Drillbench Dynamic Well Control Provides Realistic Simulation of Kick Tolerance, Promotes Safer Operations | Schlumberger
Case Study
Gulf of Mexico, United States, North America, Onshore, Offshore

Challenge: Establish equipment kick tolerance for safer planned coiled tubing operation.

Solution: Simulate and evaluate the operation using Drillbench dynamic drilling simulation software.


  • Demonstrated smaller coiled tubing diameter as a better choice
  • Created larger wellbore clearance for more circulating mud volume
  • Determined larger choke opening in consideration of dissolved gas
Products Used

Drillbench Dynamic Well Control Provides Realistic Simulation of Kick Tolerance, Promotes Safer Operations

Operator optimizes coiled tubing operation in an ultraHPHT well using dynamic drilling simulation software, offshore Gulf of Mexico

Assess surface equipment limitations to manage kick in HPHT well

In planning a wellbore cleanout procedure in an ultraHPHT well, the Schlumberger coiled tubing team raised safety concerns about kick tolerance and limitations of surface equipment to withstand high pressures while circulating out a potential influx. In ultraHPHT wells, an uncontrolled release of hydrocarbons can have serious consequences to life, assets, and the environment. In this well, wellbore conditions also provided considerable challenges due to small diameters, multiphase fluids, and various densities in the wellbore. Determination of the maximum influx allowable with the available equipment and the effect of coiled tubing size on the process of circulating out pressure was needed before moving forward with the planned coiled tubing operation.

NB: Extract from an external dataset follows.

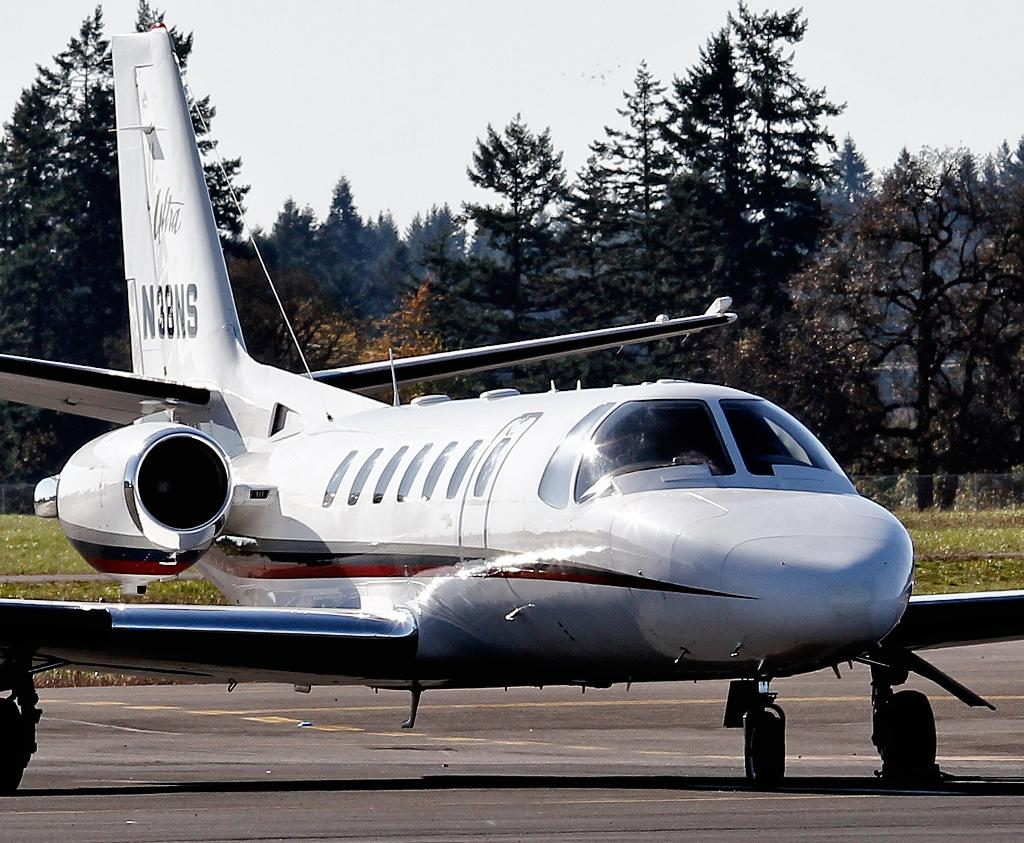<image>
Write a terse but informative summary of the picture. a parked plane with the ID N3BNS on it

Employ Drillbench dynamic drilling simulation software to evaluate well control risks

With unique transient and dynamic capabilities, the Drillbench dynamic drilling simulation software is the ideal technology to evaluate well control operations in HPHT and ultraHPHT wells, which can reach maximum bottomhole pressure and temperature of 26,000 psi and 420 degF, respectively. In contrast to the often-used spreadsheet calculations, which only provide a static solution at a particular depth and temperature, the Drillbench Dynamic Well Control module simulates complex transient conditions, including dissolution of gas in oil-base mud. The transient analysis tracks all the interactions of the influx fluids and their properties and shows changes in pressure and temperature along the wellbore as the influx is circulated up the hole during the well control process. This leaves little uncertainty as to what is happening and when it will happen, providing confirmation that an operation is achievable.

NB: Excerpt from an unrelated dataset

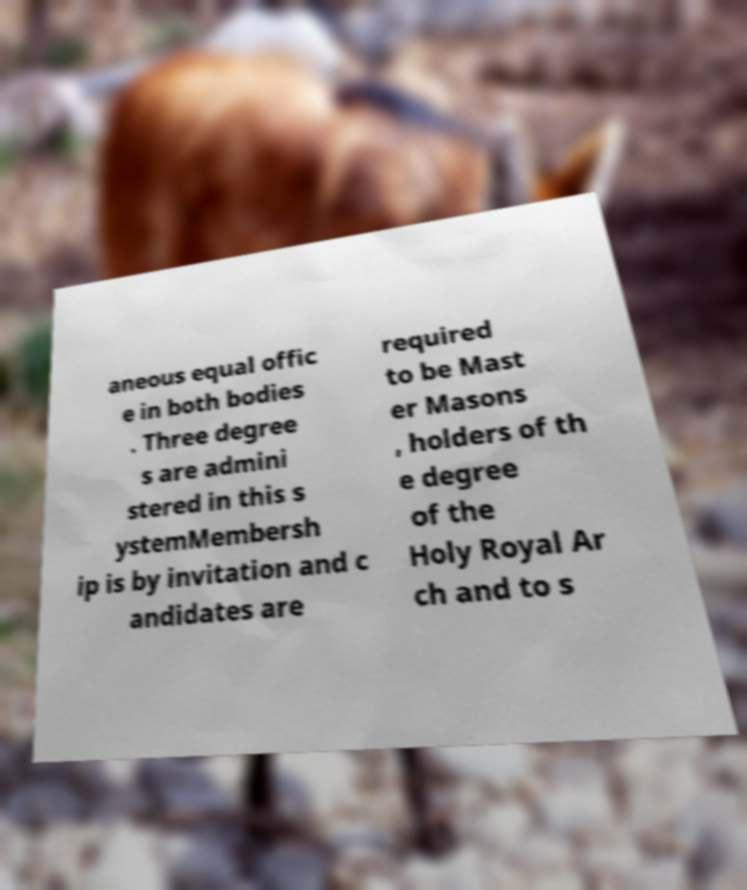Can you accurately transcribe the text from the provided image for me? aneous equal offic e in both bodies . Three degree s are admini stered in this s ystemMembersh ip is by invitation and c andidates are required to be Mast er Masons , holders of th e degree of the Holy Royal Ar ch and to s

To evaluate the planned coiled tubing operation, sensitivity simulations of a range of parameters, such as coiled tubing diameter, mud densities, and influx size, were performed using the Drillbench Dynamic Well Control module. This provided the basis for a realistic evaluation of design limits and choice of operational procedures. Critical to an accurate simulation is an understanding of the rate of influx, which was difficult to predict because of the small diameters and heavy viscous mud that created high losses of pressure with any fluid movement in the annulus. Using the OLGA dynamic multiphase flow simulator, the OLGA ROCX module established the influx rates for various drawdown rates, which were then plugged into the Drillbench Dynamic Well Control model to provide accurate simulations that assisted decisions as to the correct operational procedure to implement.

Demonstrated 1 3/4-in tubing outperforms 2-in tubing to pump out influx

Analysis of results determined that 1 3/4-in coiled tubing with a 16.98-ppg hydrostatic wellbore gradient allowed an influx of 7.2 bbl that could be reliably circulated out. Simulations indicated that this tubing diameter had better pressure and flow characteristics than the 2-in coiled tubing for pumping out influxes because it offered larger clearances in the small-diameter wellbore and provided more mud for dissolving and holding gas, resulting in a slightly larger choke opening.

Simulations also identified that higher flow rates were possible during the initial circulation of the influx. Staging flow with reduced choke and lower rates also increased the speed of circulating the influx out of the well.

overflow image
Iterative Drillbench software simulations test the sensitivity of various parameters.